RECORDS SUPPLIED:
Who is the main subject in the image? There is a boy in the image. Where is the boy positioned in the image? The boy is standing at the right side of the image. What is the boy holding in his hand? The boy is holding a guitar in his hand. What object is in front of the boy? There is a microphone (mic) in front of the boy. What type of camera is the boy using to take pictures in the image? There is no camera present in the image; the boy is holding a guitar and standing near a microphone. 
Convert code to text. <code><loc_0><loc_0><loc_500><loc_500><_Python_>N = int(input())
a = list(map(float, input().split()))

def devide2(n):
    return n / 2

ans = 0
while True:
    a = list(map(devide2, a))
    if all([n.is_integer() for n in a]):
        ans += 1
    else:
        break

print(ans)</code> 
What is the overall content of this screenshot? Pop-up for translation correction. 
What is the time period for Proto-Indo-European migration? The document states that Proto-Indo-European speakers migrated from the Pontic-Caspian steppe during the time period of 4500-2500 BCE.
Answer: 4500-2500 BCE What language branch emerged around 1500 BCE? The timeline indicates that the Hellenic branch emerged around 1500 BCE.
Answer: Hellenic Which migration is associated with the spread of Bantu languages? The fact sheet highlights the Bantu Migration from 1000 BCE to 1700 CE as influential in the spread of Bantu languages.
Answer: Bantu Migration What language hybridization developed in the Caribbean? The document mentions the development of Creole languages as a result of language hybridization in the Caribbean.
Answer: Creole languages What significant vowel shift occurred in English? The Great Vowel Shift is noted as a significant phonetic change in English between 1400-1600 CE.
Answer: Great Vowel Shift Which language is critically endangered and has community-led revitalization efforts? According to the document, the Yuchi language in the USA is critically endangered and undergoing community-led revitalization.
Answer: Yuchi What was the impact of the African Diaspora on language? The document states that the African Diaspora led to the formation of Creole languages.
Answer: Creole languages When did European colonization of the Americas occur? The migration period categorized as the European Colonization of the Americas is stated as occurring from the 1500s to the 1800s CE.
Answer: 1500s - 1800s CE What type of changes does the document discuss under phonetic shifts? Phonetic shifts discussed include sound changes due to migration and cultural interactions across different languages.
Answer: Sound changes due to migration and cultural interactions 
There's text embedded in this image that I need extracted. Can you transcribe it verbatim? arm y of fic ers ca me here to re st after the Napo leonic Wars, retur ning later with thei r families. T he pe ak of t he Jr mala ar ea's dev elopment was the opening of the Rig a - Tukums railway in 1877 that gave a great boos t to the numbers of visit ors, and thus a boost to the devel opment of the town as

ASSIGNMENT: Wherever the string "states" appears in the entries, copy that line.

FINISHED TASK:
What is the time period for Proto-Indo-European migration? The document states that Proto-Indo-European speakers migrated from the Pontic-Caspian steppe during the time period of 4500-2500 BCE.
Answer: Yuchi What was the impact of the African Diaspora on language? The document states that the African Diaspora led to the formation of Creole languages.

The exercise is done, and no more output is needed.